If you are the seller, it's important you assess the buyer's ability to purchase the house by the pre-planned date.
To do that, start by verifying their income and work history. The general rule is that no more than a third of income should go toward housing, Orefice said.
Also confirm that the buyer has a plan in place to save enough for a down payment and closing costs and to fix any credit issues that could stand in the way of qualifying for a mortgage.
If you are the buyer, you need to make sure that the seller is indeed the owner of the house and that there are no outstanding liens or judgments against the property that would interfere in transfer of ownership.
Additionally, you should have the home inspected just as you would any home you are thinking about buying.
Sometimes, the seller will ask the buyer to pay what's called an option fee. This chunk of money, which amount can range from almost nothing to up to 5 percent or 10 percent of the purchase price, gives the seller the exclusive right to purchase the home.
If the buyer walks away after the rental period, the option fee is typically forfeited. If the buyer follows through, the money goes toward the purchase price.

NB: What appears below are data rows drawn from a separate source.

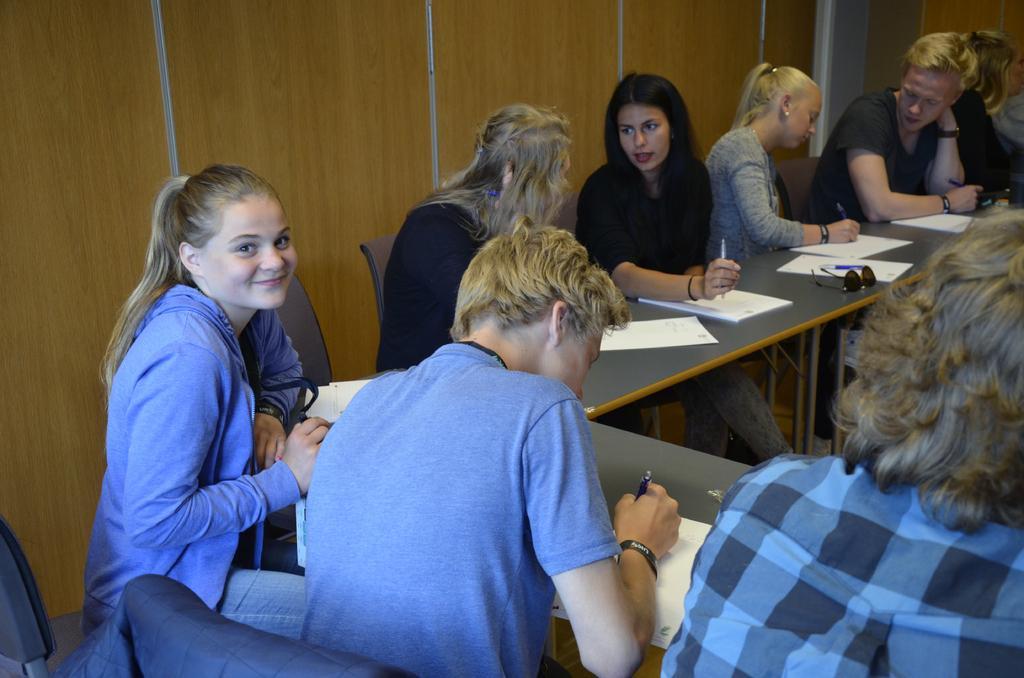Could you give a brief overview of what you see in this image? In the picture there are many people sitting on the chair with the table in front of them, on the table there are books and they are catching pens with their hands. 
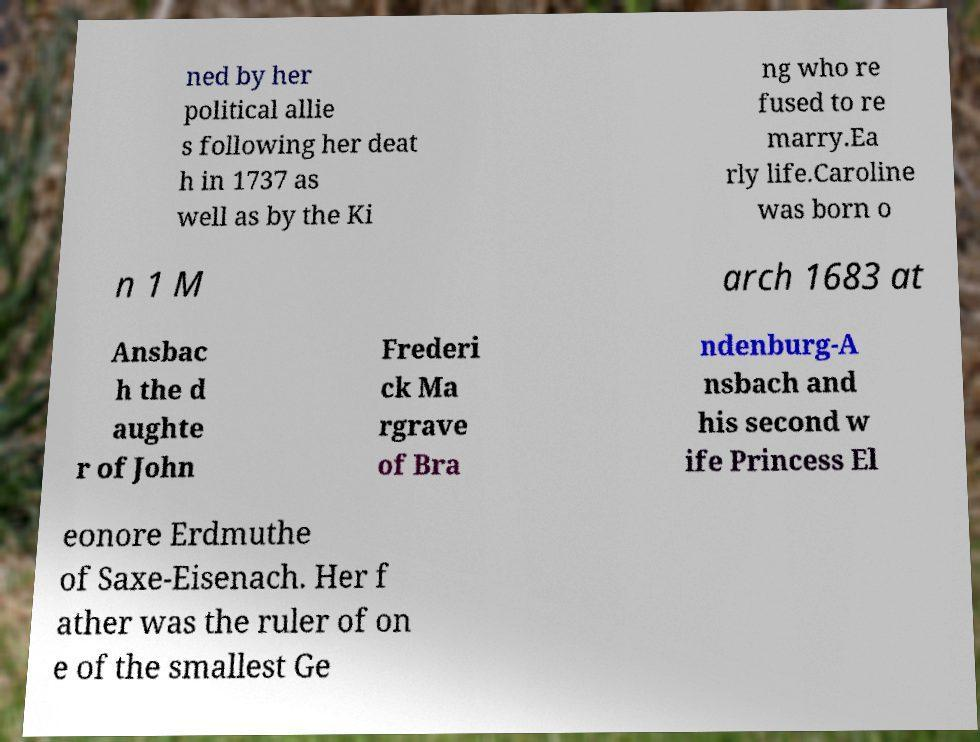Can you accurately transcribe the text from the provided image for me? ned by her political allie s following her deat h in 1737 as well as by the Ki ng who re fused to re marry.Ea rly life.Caroline was born o n 1 M arch 1683 at Ansbac h the d aughte r of John Frederi ck Ma rgrave of Bra ndenburg-A nsbach and his second w ife Princess El eonore Erdmuthe of Saxe-Eisenach. Her f ather was the ruler of on e of the smallest Ge 
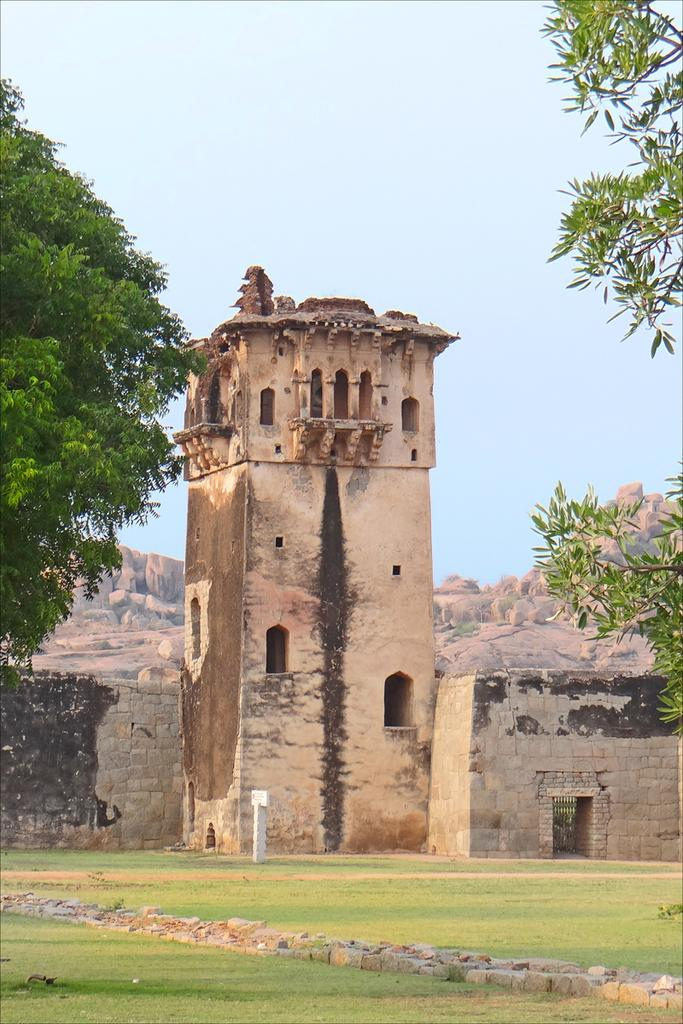What type of vegetation is present in the image? There is green grass in the image. What type of structure can be seen in the image? There is a fort in the image. What other natural elements are visible in the image? There are trees and mountains in the image. What is visible in the sky in the image? There are clouds in the sky in the image. How many chickens are present in the image? There are no chickens present in the image. What company is responsible for the construction of the fort in the image? The image does not provide information about the company responsible for the construction of the fort.

Buyers should make sure under what circumstances this fee could be forfeited during the rental portion of the deal.
Orefice says to read the contract carefully, because it could state that if rent is paid more than a set amount of days late — sometimes as little as 10 days — the option fee will be forfeited.
One common aspect of a rent-to-own arrangement is for a portion of the monthly rent to go into an escrow account until the date of purchase, at which point the saved-up amount is used toward closing costs or a down payment. If the buyer walks away, the money is forfeited.
In these cases, the rent is higher to accommodate that escrowed amount. For instance, if the rent is $1,000 monthly and the tenant pays $1,300 each month, that extra $300 would grow to $3,600 after 12 months or $7,200 after 24 months and go toward the purchase.
Orefice said he's also seen cases where the seller matches the monthly escrowed amount for the buyer.
"As the seller, you want the person who's renting to be able to buy your house at the end," Orefice said. "Having a bigger down payment available can help them do that."
Make sure it's clear who is insuring the property. Even if the seller continues paying homeowner's insurance during the rental, the tenant should have renter's insurance to protect their belongings.
Likewise, make sure the rental portion of the contract outlines exactly who is responsible for maintenance and repairs on the property.
Orefice said it can make sense to have the tenant responsible for repairs up to a set amount — $200 or so — and the homeowner taking on more expensive repairs.
"Part of that is getting the buyer in the mindset that this is going to be their property and they need to treat it as such," Orefice said.